It took hours to read them all.

When his voice finally droned away into silence I was in agony.  My back was cramping from the unnatural position, my arms and legs were still chained and I couldn’t straighten or move my head at all.  The small man handed his scroll to a soldier and picked up the heated bronze.  Looking at me intently, he held it in front of my face.  Its glow cast an unholy light.

For the first time in my life, I was afraid.

I dislocated my shoulder in a frantic effort that succeeded in pulling me back about an inch.  I was quickly repositioned, tightened, and in a single, practiced, terrifying and eternal moment, one half of the world went black.  Screaming and unable to move, burning bronze took the rest of my vision away from me forever.

I awoke on the ground with feet still chained and my shoulder throbbing but bound close to me in a makeshift sling.  Reaching up, I felt cloth covering my eyes.

The next few months were a cycle of food, sleep, manual labor in the prison mill and a searching of the soul.  I revisited every memory and prayed for God to deliver me to death.  At some point I came to the conclusion that I deserved everything I had received and the litany of my failures became my morning and evening prayer.

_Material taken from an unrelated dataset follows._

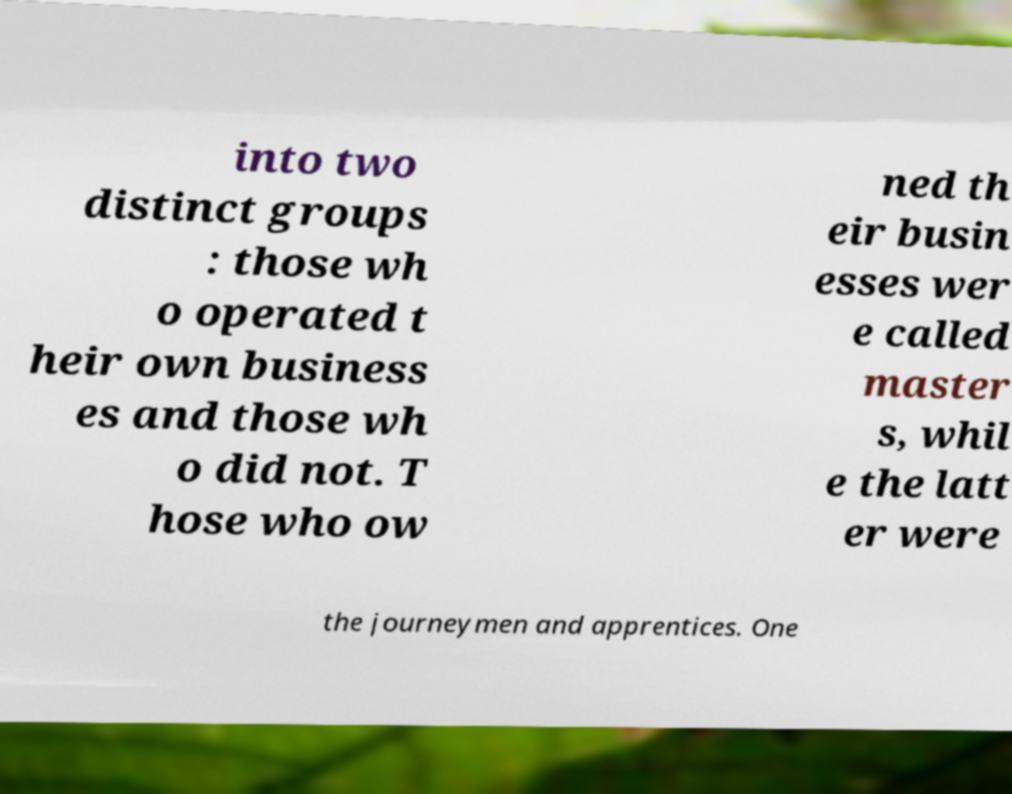For documentation purposes, I need the text within this image transcribed. Could you provide that? into two distinct groups : those wh o operated t heir own business es and those wh o did not. T hose who ow ned th eir busin esses wer e called master s, whil e the latt er were the journeymen and apprentices. One

I am Samson.  The one who dishonored my mother and father.  The one who broke and disdained the vows of the Nazarenes.  The one who touched things unclean.  I am Samson, the greedy, Samson, the hungry.  I am Samson, the violent and ill tempered Judge of Israel.  The one who ruled with vengeance and impetuousness instead of wisdom and prayer.  I am Samson, whose strength can barely lift a spoon of cold gruel to my lips and whose life is dependent on the mercy and provision of my enemies.  I am Samson the selfish, husband of philistines and speaker of lies.

I am Samson the weak, Samson the shorn, Samson the forsworn.  I am the blind child of the God I ignored and took for granted.  My victories are the bones of a tomb.  My memories are the faint heat of stone giving no comfort from sweet summer days.  I am Samson, the judge who has been judged and found wanting.  I am Samson, the miller of grain.  I am the one who is hopeless, the one who waits to die.

For weeks I continued in a place even darker than my blindness could ever know.  In the midst of that time God spoke to me gently.

And my hair began to grow.

My spirit was encouraged by the thought that I was just a man, but God was the God of everything.  He knew the generations of my ancestors past.  He knows the children of Israel’s future.  His Hand is not weakened by my failure, or thwarted by the plans of His enemies.

His Hair has not been cut.

In that thought I found hope and in hope I found His Spirit surrounding me and comforting me again.  I found a belief that God was still mine and I was still His and in darkness my heart was opened.

Not through strength, for I had none.  Not through victory, for I was utterly defeated.  Not through power or leadership, or judgment.  Not through action, or battle, or any good that I could do.  Yet He loved me.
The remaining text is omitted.